Las costuras chillaron, el corset se desinfló como pan viejo, y los volantes se evaporaron en jirones. Su cabello volvió a enroscarse en nudos rebeldes.
—¡Dios! —jadeó, tropezando con sus propios pies descalzos—. Casi me pillan. Qué humillación habría sido si todo se caía en pleno vals… Imagináte yo en calzones delante del príncipe. ¡La nobleza habría colapsado!
Corrió entre arbustos, esquivando carrosas, sin dejar de jalar lo que quedaba de su falda como si aún tuviera dignidad. Tenía que volver a casa antes de que su madre regresara.
Mientras corría, a lo lejos, vio una figura femenina con un vestido azul desgastado también huyendo por otro sendero del castillo. La silueta se tambaleaba, el cabello suelto ondeaba como una bandera de caos, y una zapatilla quedó atorada en las escaleras tras ella.
Griselda sonrió con malicia.
—Ah... ahí estás, Suertucienta. Así que también se te acabó el show, ¿eh?
Se agachó detrás de un arbusto para ver mejor. La reconocería en cualquier lugar por esa forma dramática de huir, como si el universo entero la persiguiera. Y sí, allí iba Cenicienta, en retirada. El hechizo también se deshacía en ella.
—¿Y ahora qué, querida hermanastra? —susurró Griselda para sí—. ¿Te vas a quedar con el príncipe o con tu ego?
***
Minutos después, ya en casa, Griselda se dejó caer sobre su cama, jadeando, el corazón galopando aún en su pecho.
—Sobreviví... —susurró, mirando al techo—. Sobreviví sin desmayarme, sin tropezar con las escaleras y sin que mi trasero hiciera eco cuando me fui.
Se incorporó con esfuerzo, sacó un trozo de pan de debajo de la almohada (porque siempre tenía uno) y le dio un mordisco.
—Y me quedé con algo más... —murmuró, recordando la expresión de Filip cuando la vio.
Había algo en sus ojos. No era solo lujuria. Era curiosidad real. Como si quisiera conocerla más allá de su vestido bonito. Como si... algo en ella lo hubiese tocado.

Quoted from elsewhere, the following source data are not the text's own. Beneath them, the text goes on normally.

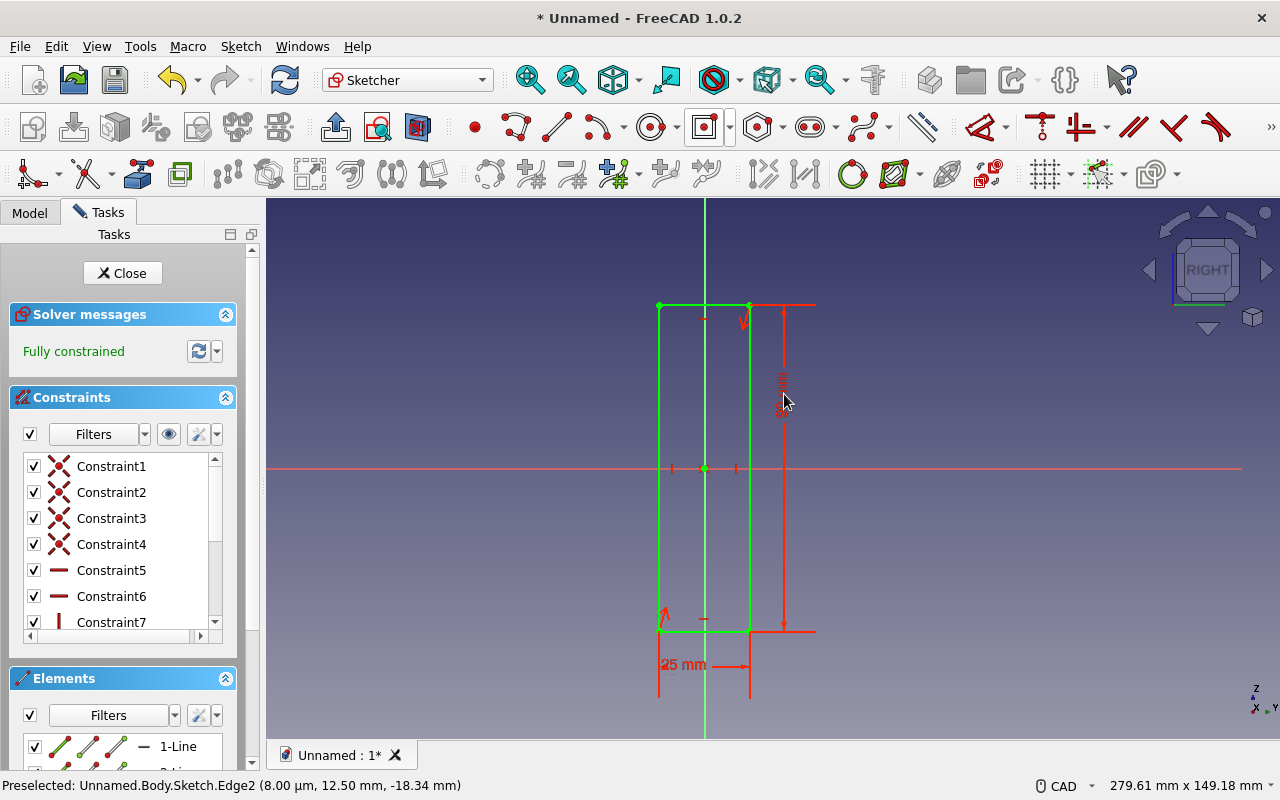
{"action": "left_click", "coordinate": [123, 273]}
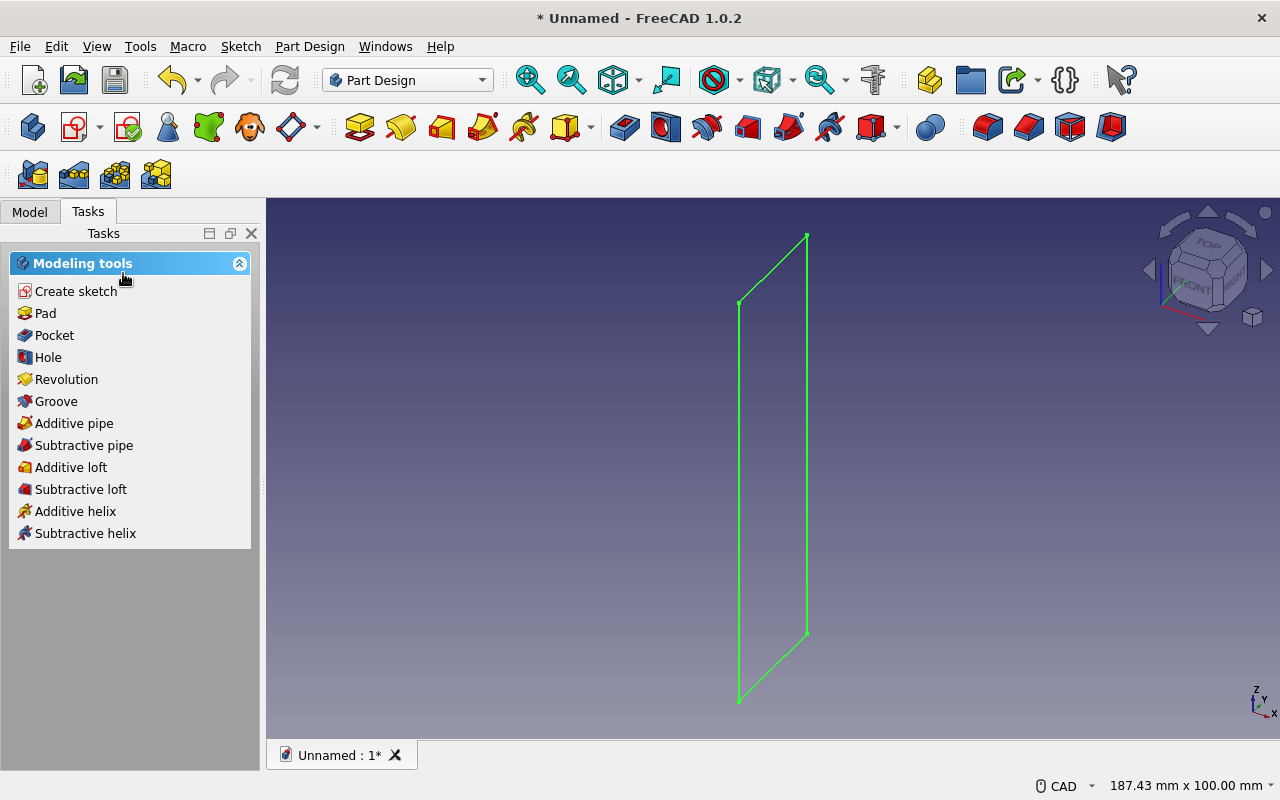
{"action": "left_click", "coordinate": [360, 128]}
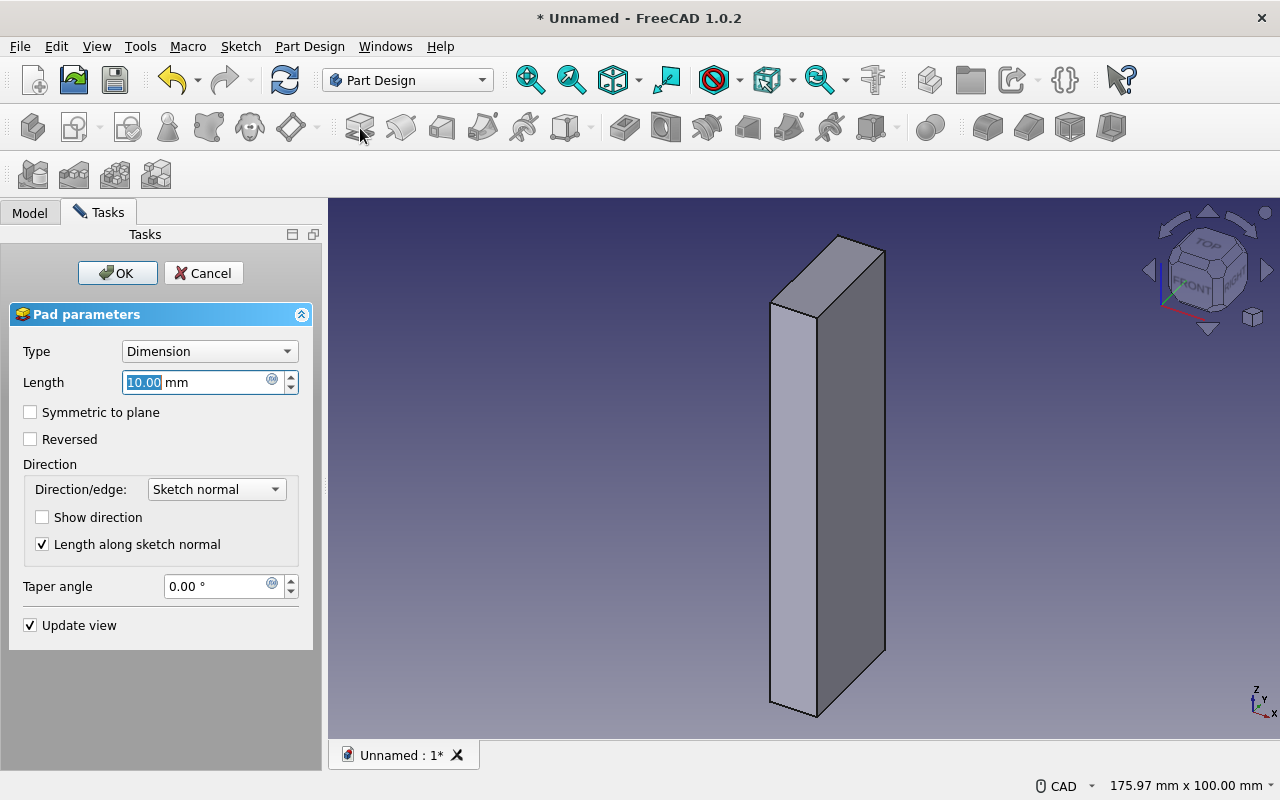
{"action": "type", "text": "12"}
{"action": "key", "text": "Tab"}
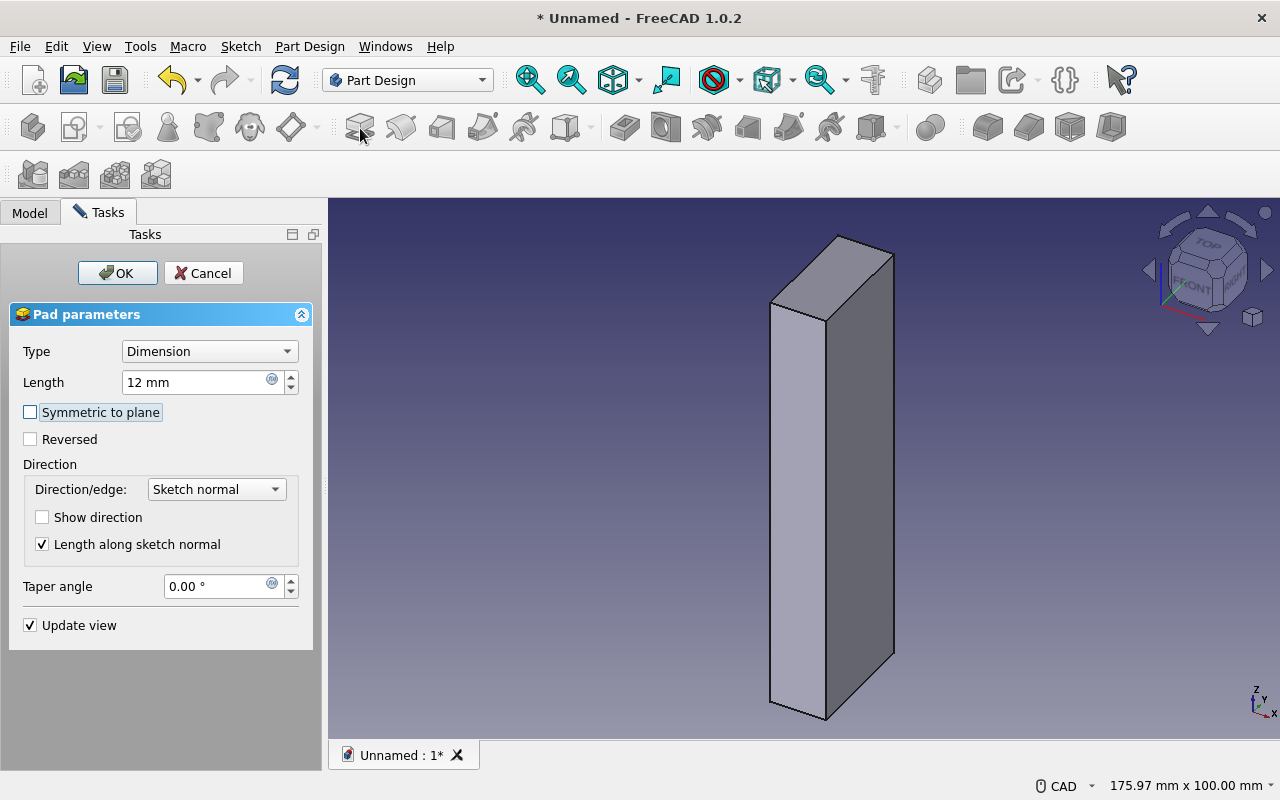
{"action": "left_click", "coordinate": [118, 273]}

—¿Y si lo hace? —dijo en voz baja, con un poco de miedo—. ¿Y si me busca?
Luego rió para sí misma.
—Bueno, cuando lo haga... que no se sorprenda si me encuentra con pan en la boca y la faja enrollada en la pierna.
****
Mientras tanto, en el castillo, Filip aún sostenía los zapatos.
—¿Qué hago con esto? —le preguntó al mayordomo.
—Supongo que buscarla... señor.
—¿Buscarla cómo? ¿Mediante un concurso de pies? ¡Ni siquiera sé su nombre! Dijo que venía de "Letchonshire"... ¿eso existe?
—No, señor. Pero suena apetitoso.
Filip bajó la mirada a los zapatos brillantes y suspiró.
—Sea como sea... quiero volver a verla.
Y así, mientras Cenicienta tramaba su versión del cuento y preparaba su estrategia para dar con el príncipe oficial, el primo —más observador, más encantador y mucho más divertido— ya estaba pensando en encontrar a la mujer que se atrevió a reírse del reino entero... y le devolvió la risa a él.